Jujur. Tidak ada adrenalin yang memacu Anda yang dapat membuat Anda merasa terbebas dan dibenarkan saat Anda marah. Semua kejengkelan terpendam yang selama ini Anda simpan di balik senyuman? Kapan saja Anda mengisi kekosongan, menutupi ketidakbertanggungjawaban pasangan Anda, dan menjadi orang yang lebih besar?
ADVERTISEMENT
SCROLL TO RESUME CONTENT
Sudah cukup! Bagaimana Anda bisa membuat pasangan Anda yang egois akhirnya mengerti jika Anda tidak mengeluarkan tenaga?
Berikut 10 cara berkomunikasi dengan pasangan saat Anda benar-benar marah padanya:
1. Pikirkan hal-hal baik tentang pasangan Anda
Waktu untuk memulai latihan ini bukanlah saat Anda sudah kehabisan akal. Mempraktikkan pikiran dan tindakan yang baik setiap hari (bahkan di hari-hari yang sulit) membuat kita lebih mudah berpikir, berbicara, dan berperilaku positif.
Catatlah tindakan baik pasangan Anda, sekecil apa pun.
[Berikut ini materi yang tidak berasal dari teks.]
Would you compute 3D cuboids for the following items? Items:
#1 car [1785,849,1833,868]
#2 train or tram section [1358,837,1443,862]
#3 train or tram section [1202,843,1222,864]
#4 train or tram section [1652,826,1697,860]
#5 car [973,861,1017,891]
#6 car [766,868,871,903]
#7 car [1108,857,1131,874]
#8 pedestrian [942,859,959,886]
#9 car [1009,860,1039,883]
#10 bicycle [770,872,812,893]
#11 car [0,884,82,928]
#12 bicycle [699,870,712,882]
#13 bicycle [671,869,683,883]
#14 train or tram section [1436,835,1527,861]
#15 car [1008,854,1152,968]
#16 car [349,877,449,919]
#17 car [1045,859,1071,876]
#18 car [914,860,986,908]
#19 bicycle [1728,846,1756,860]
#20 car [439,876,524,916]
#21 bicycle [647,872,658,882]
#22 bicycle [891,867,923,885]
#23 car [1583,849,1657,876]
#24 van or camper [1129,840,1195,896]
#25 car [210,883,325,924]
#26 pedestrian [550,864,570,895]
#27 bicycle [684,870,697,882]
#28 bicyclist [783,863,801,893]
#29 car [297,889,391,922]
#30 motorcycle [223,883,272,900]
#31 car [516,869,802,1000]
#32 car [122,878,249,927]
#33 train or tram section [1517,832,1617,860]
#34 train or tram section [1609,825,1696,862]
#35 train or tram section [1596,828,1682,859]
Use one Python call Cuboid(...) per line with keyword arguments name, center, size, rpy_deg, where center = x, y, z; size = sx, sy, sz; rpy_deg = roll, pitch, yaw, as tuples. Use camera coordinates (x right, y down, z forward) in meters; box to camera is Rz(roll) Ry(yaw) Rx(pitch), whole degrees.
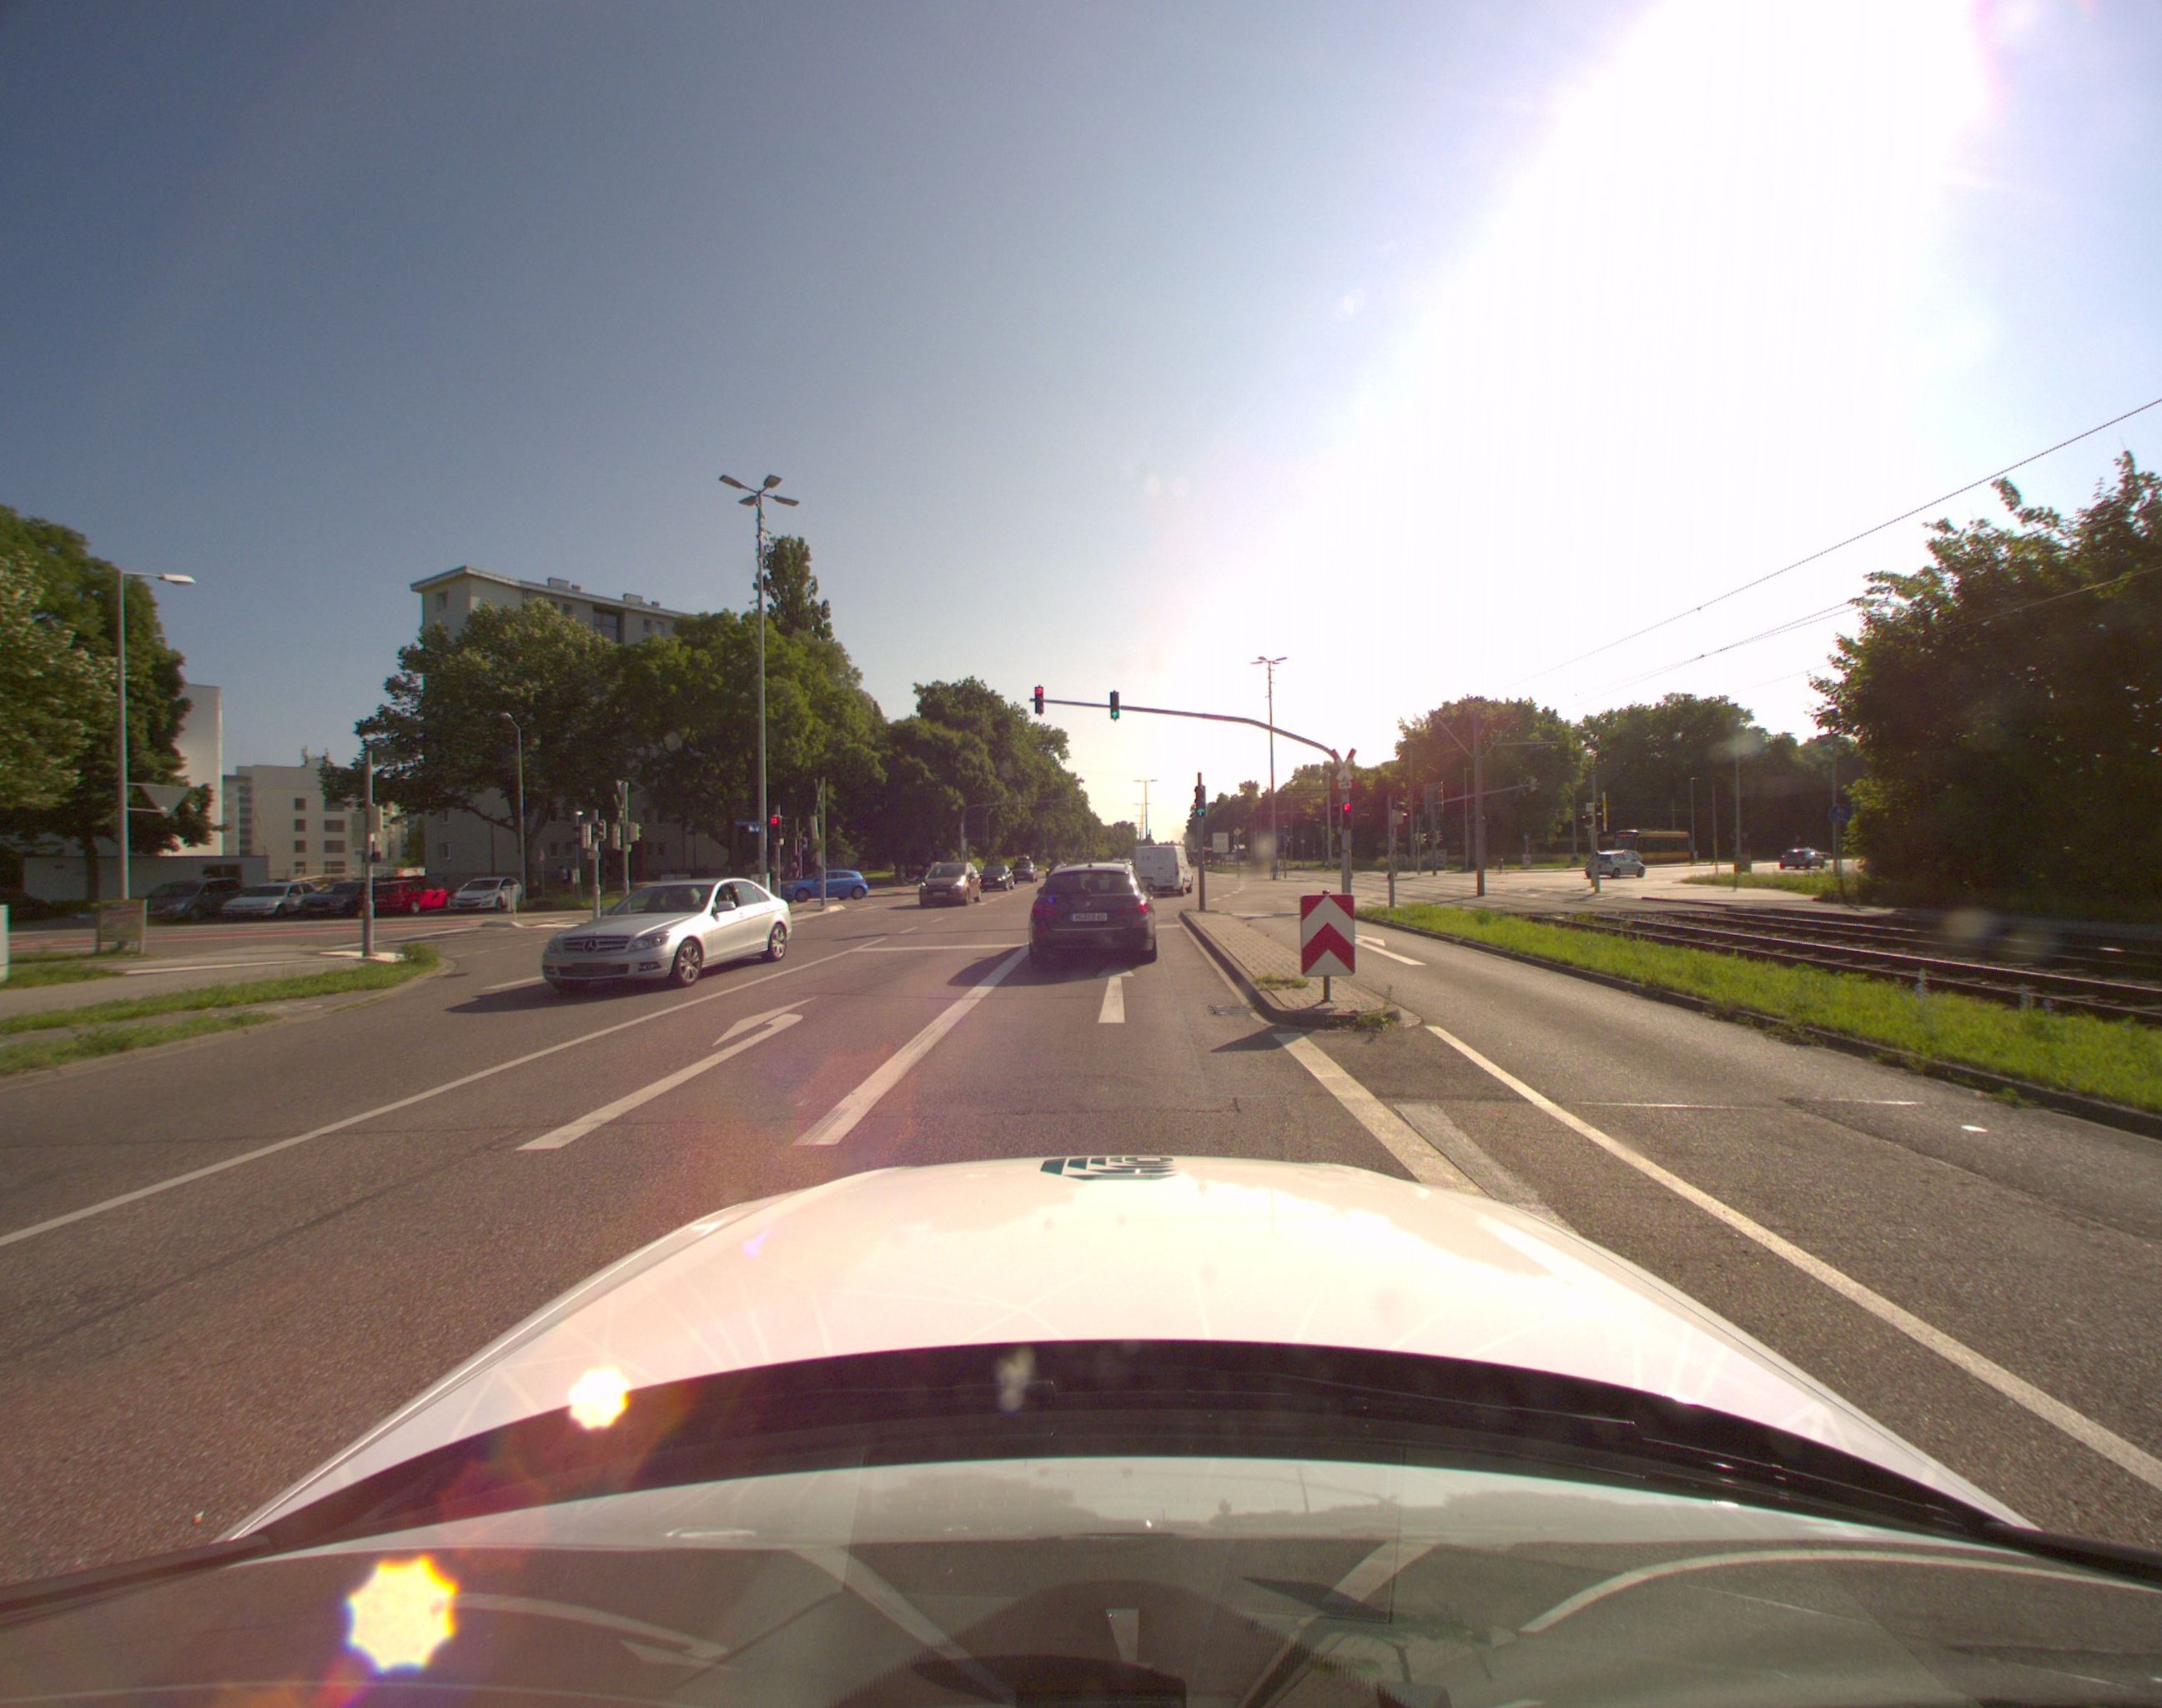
Cuboid(name="car", center=(54.144, 0.329, 60.550), size=(3.539, 1.383, 1.591), rpy_deg=(-1, -1, -29))
Cuboid(name="train or tram section", center=(51.379, -0.669, 131.197), size=(12.278, 3.579, 3.073), rpy_deg=(-1, -1, 33))
Cuboid(name="train or tram section", center=(23.336, 0.040, 145.530), size=(2.782, 3.618, 12.977), rpy_deg=(0, -1, 6))
Cuboid(name="train or tram section", center=(66.772, -1.159, 91.800), size=(3.015, 3.579, 12.307), rpy_deg=(-1, 0, 31))
Cuboid(name="car", center=(-4.634, 1.179, 44.588), size=(1.882, 1.474, 4.100), rpy_deg=(-2, 0, 0))
Cuboid(name="car", center=(-12.081, 1.402, 37.584), size=(4.268, 1.414, 1.763), rpy_deg=(-1, -1, -43))
Cuboid(name="car", center=(3.473, 1.014, 72.528), size=(1.821, 1.431, 4.736), rpy_deg=(-2, 0, 4))
Cuboid(name="pedestrian", center=(-8.449, 1.207, 52.796), size=(0.811, 1.752, 0.933), rpy_deg=(-1, 0, 8))
Cuboid(name="car", center=(-4.177, 1.265, 60.105), size=(1.783, 1.520, 4.000), rpy_deg=(-2, 0, 0))
Cuboid(name="bicycle", center=(-15.262, 1.507, 42.896), size=(0.613, 1.040, 2.085), rpy_deg=(-1, -1, 33))
Cuboid(name="car", center=(-44.162, 2.163, 33.320), size=(1.784, 1.477, 4.785), rpy_deg=(-1, 2, -18))
Cuboid(name="bicycle", center=(-30.560, 1.768, 66.227), size=(0.673, 0.919, 2.382), rpy_deg=(-1, 0, -32))
Cuboid(name="bicycle", center=(-32.224, 1.765, 64.937), size=(0.615, 1.066, 1.897), rpy_deg=(0, -3, -34))
Cuboid(name="train or tram section", center=(60.932, -0.872, 124.225), size=(12.072, 3.579, 3.073), rpy_deg=(-1, -1, 38))
Cuboid(name="car", center=(0.155, 0.786, 12.988), size=(1.894, 1.506, 4.071), rpy_deg=(-1, 0, 5))
Cuboid(name="car", center=(-30.560, 1.932, 36.659), size=(1.782, 1.415, 3.983), rpy_deg=(-1, 3, -13))
Cuboid(name="car", center=(-2.347, 1.357, 83.709), size=(1.979, 1.659, 4.392), rpy_deg=(-1, 0, 6))
Cuboid(name="car", center=(-4.754, 1.037, 30.061), size=(1.738, 1.562, 4.003), rpy_deg=(-3, 0, 3))
Cuboid(name="bicycle", center=(80.832, -0.090, 99.581), size=(0.798, 1.713, 2.586), rpy_deg=(-1, 0, -33))
Cuboid(name="car", center=(-27.628, 1.872, 37.712), size=(1.782, 1.439, 3.981), rpy_deg=(-1, 3, -15))
Cuboid(name="bicycle", center=(-33.826, 1.816, 64.279), size=(0.587, 0.708, 2.216), rpy_deg=(-1, 0, -32))
Cuboid(name="bicycle", center=(-11.276, 1.397, 52.922), size=(1.901, 1.119, 0.632), rpy_deg=(-1, -1, 2))
Cuboid(name="car", center=(32.729, 0.491, 49.441), size=(4.212, 1.563, 1.840), rpy_deg=(-1, 0, -26))
Cuboid(name="van or camper", center=(3.356, 0.552, 33.060), size=(1.979, 2.096, 4.615), rpy_deg=(-1, 0, 14))
Cuboid(name="car", center=(-35.195, 2.115, 35.381), size=(1.783, 1.521, 3.978), rpy_deg=(-1, 0, -16))
Cuboid(name="pedestrian", center=(-29.689, 1.433, 46.391), size=(0.619, 1.713, 0.707), rpy_deg=(-1, 0, 14))
Cuboid(name="bicycle", center=(-31.476, 1.782, 65.645), size=(0.678, 0.875, 2.460), rpy_deg=(-1, 0, -32))
Cuboid(name="bicyclist", center=(-15.245, 1.270, 42.928), size=(0.601, 1.560, 0.606), rpy_deg=(-2, -1, 34))
Cuboid(name="car", center=(-32.549, 2.244, 36.092), size=(1.463, 1.193, 3.768), rpy_deg=(-1, 0, -14))
Cuboid(name="motorcycle", center=(-51.925, 2.330, 50.746), size=(0.520, 0.965, 2.057), rpy_deg=(-1, 0, 36))
Cuboid(name="car", center=(-5.928, 1.030, 12.158), size=(1.695, 1.465, 4.374), rpy_deg=(-3, 0, 4))
Cuboid(name="car", center=(-37.846, 1.999, 34.570), size=(1.783, 1.811, 3.978), rpy_deg=(-1, 0, -16))
Cuboid(name="train or tram section", center=(68.191, -1.061, 114.778), size=(3.064, 3.579, 12.109), rpy_deg=(-1, -1, -31))
Cuboid(name="train or tram section", center=(58.399, -1.081, 83.059), size=(11.896, 3.579, 3.022), rpy_deg=(-1, -1, -33))
Cuboid(name="train or tram section", center=(70.421, -1.224, 103.252), size=(3.031, 3.579, 12.242), rpy_deg=(-1, 0, 4))

Simpan di catatan dalam document dan biarkan peliharalah perspektif Anda tentang pasangan Anda.
2. Menerima tanggung jawab atas emosi dan perasaan Anda sendiri
Dapat dimengerti bahwa kita sulit untuk melambat ketika kemarahan telah mencapai titik puncaknya. Dengan meluangkan waktu untuk memikirkan perasaan Anda sebelum mengungkapkannya, Anda mungkin menemukan beberapa akar perasaan yang akan membentuk pemahaman Anda. Proses perasaan Anda dengan menulis atau menceritakannya kepada terapis, anggap saja seperti mendengarkan diri sendiri sebelum mengharapkan pasangan mendengarkan Anda.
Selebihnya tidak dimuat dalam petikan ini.